I want to remove stopwords from the Data column in my file. 我想从我的文件中的数据列中删除停用词。 I filtered out the line for when the end-user is speaking. 我过滤了最终用户说话时的界限。 But it doesn't filter out the stopwords with the usertext.apply(lambda x: [word for word in x if word not in stop_words]) what am i doing wrong? 但它没有使用usertext.apply(lambda x: [word for word in x if word not in stop_words])过滤掉停用usertext.apply(lambda x: [word for word in x if word not in stop_words])我做错了什么？

import pandas as pd
from stop_words  import get_stop_words
df = pd.read_csv("F:/textclustering/data/cleandata.csv", encoding="iso-8859-1")
usertext = df[df.Role.str.contains("End-user",na=False)][['Data','chatid']]
stop_words = get_stop_words('dutch')
clean = usertext.apply(lambda x: [word for word in x if word not in stop_words])
print(clean)

Answer 1

You can build a regex pattern of your stop words and call the vectorised str.replace to remove them: 你可以构建一个停用词的正则表达式模式，并调用vectorised str.replace来删除它们：

In [124]:
stop_words = ['a','not','the']
stop_words_pat = '|'.join(['\\b' + stop +  '\\b' for stop in stop_words])
stop_words_pat

Out[124]:
'\\ba\\b|\\bnot\\b|\\bthe\\b'

In [125]:    
df = pd.DataFrame({'text':['a to the b', 'the knot ace a']})
df['text'].str.replace(stop_words_pat, '')

Out[125]:
0         to  b
1     knot ace 
Name: text, dtype: object

here we perform a list comprehension to build a pattern surrounding each stop word with '\\b' which is a break and then we or all words using '|' 这里我们执行一个列表理解来构建一个围绕每个停止词的模式，用'\\b'表示休息，然后我们or所有单词使用'|'

Answer 2

Two issues: 两个问题：

First, you have a module called stop_words and you later create a variable named stop_words . 首先，您有一个名为stop_words的模块，稍后您将创建一个名为stop_words的变量。 This is bad form. 这是不好的形式。

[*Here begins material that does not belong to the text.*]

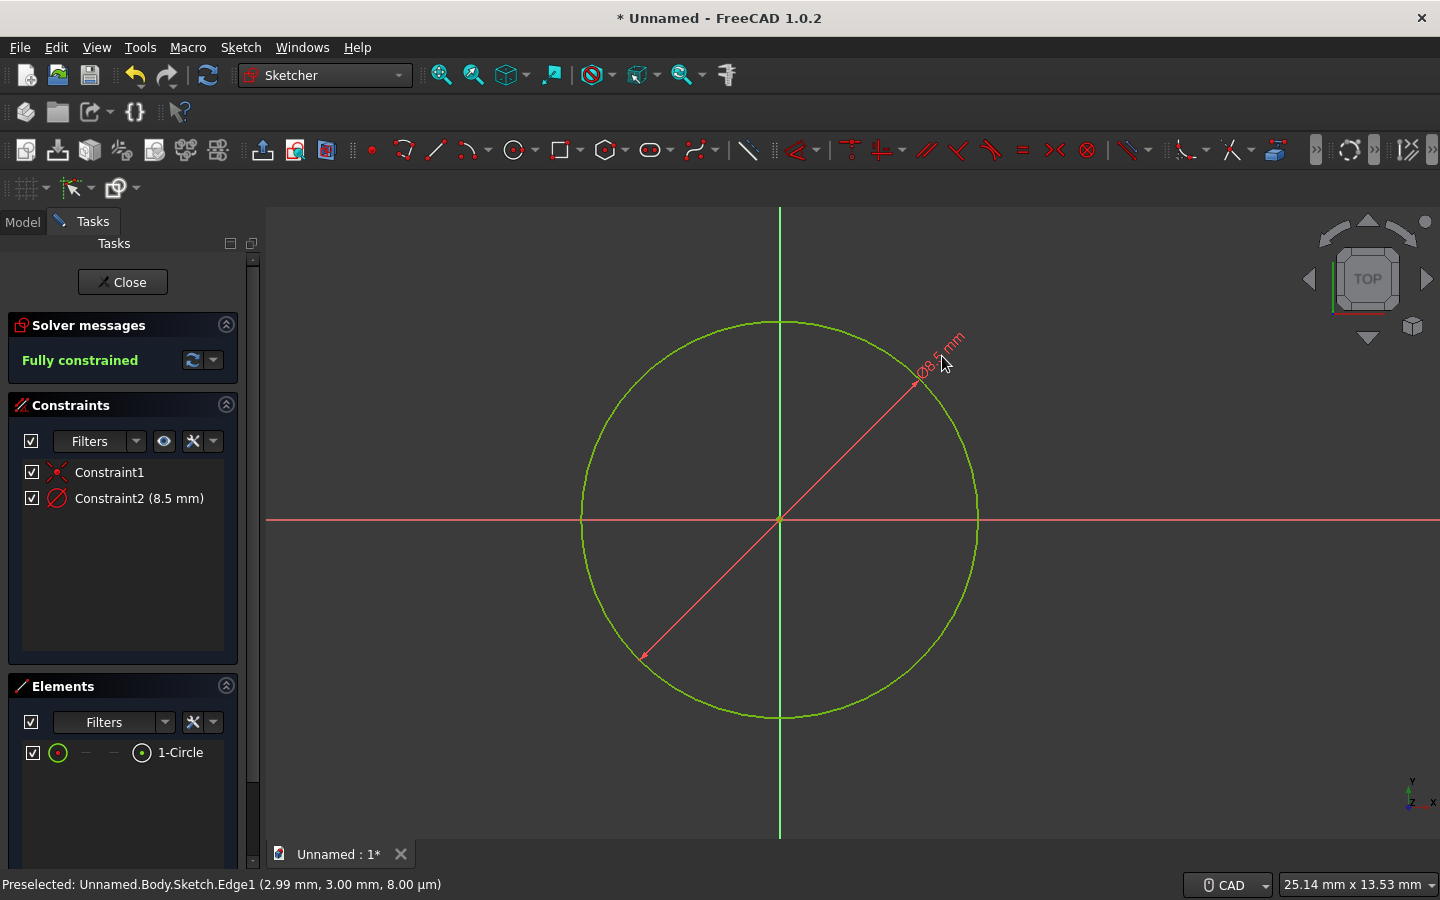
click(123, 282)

Second, you are passing a lambda-function to .apply that wants its x parameter to be a list, rather than a value within a list. 其次，您将lambda函数传递给.apply ，它希望其x参数成为列表，而不是列表中的值。

That is, instead of doing df.apply(sqrt) you are doing df.apply(lambda x: [sqrt(val) for val in x]) . 也就是说，而不是执行df.apply(sqrt) ，而是执行df.apply(lambda x: [sqrt(val) for val in x]) 。

You should either do the list-processing yourself: 您应该自己进行列表处理：

clean = [x for x in usertext if x not in stop_words]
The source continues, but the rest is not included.